→ Required action: The entries are to be reproduced verbatim, with all pictures omitted.

→ Data provided:
★ ★ ★ ★

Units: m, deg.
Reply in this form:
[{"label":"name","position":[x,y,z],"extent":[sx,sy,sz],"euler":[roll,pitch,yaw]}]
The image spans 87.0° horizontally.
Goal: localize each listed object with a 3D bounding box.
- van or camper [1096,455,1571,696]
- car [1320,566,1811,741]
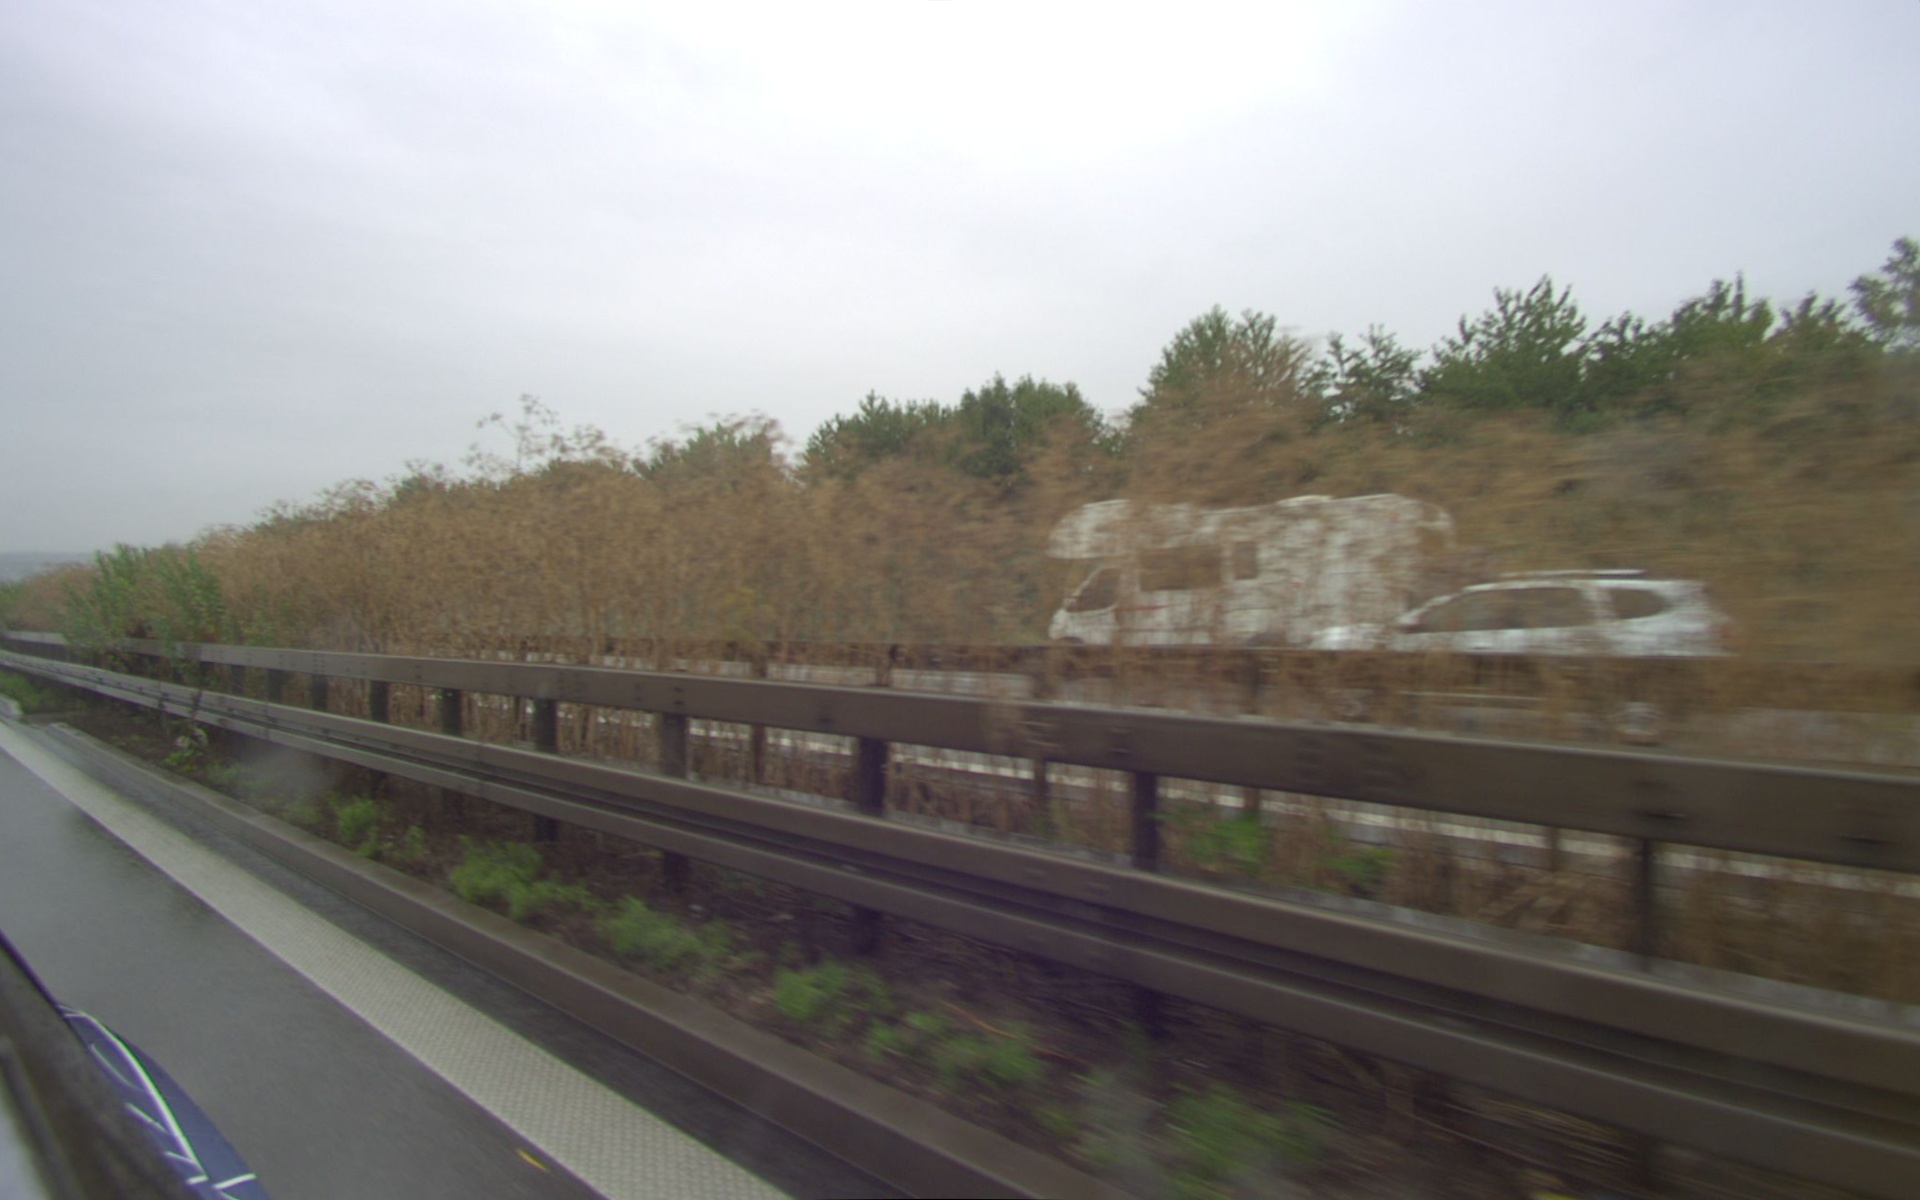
[{"label":"van or camper","position":[5.635,-0.267,16.025],"extent":[6.566,3.064,2.559],"euler":[-1,-1,41]},{"label":"car","position":[5.991,0.474,10.353],"extent":[4.126,1.468,1.409],"euler":[-1,-1,41]}]

★ ★ ★ ★

→ Task output:
Units: m, deg.
Reply in this form:
[{"label":"name","position":[x,y,z],"extent":[sx,sy,sz],"euler":[roll,pitch,yaw]}]
The image spans 87.0° horizontally.
Goal: localize each listed object with a 3D bounding box.
- van or camper [1096,455,1571,696]
- car [1320,566,1811,741]
[{"label":"van or camper","position":[5.635,-0.267,16.025],"extent":[6.566,3.064,2.559],"euler":[-1,-1,41]},{"label":"car","position":[5.991,0.474,10.353],"extent":[4.126,1.468,1.409],"euler":[-1,-1,41]}]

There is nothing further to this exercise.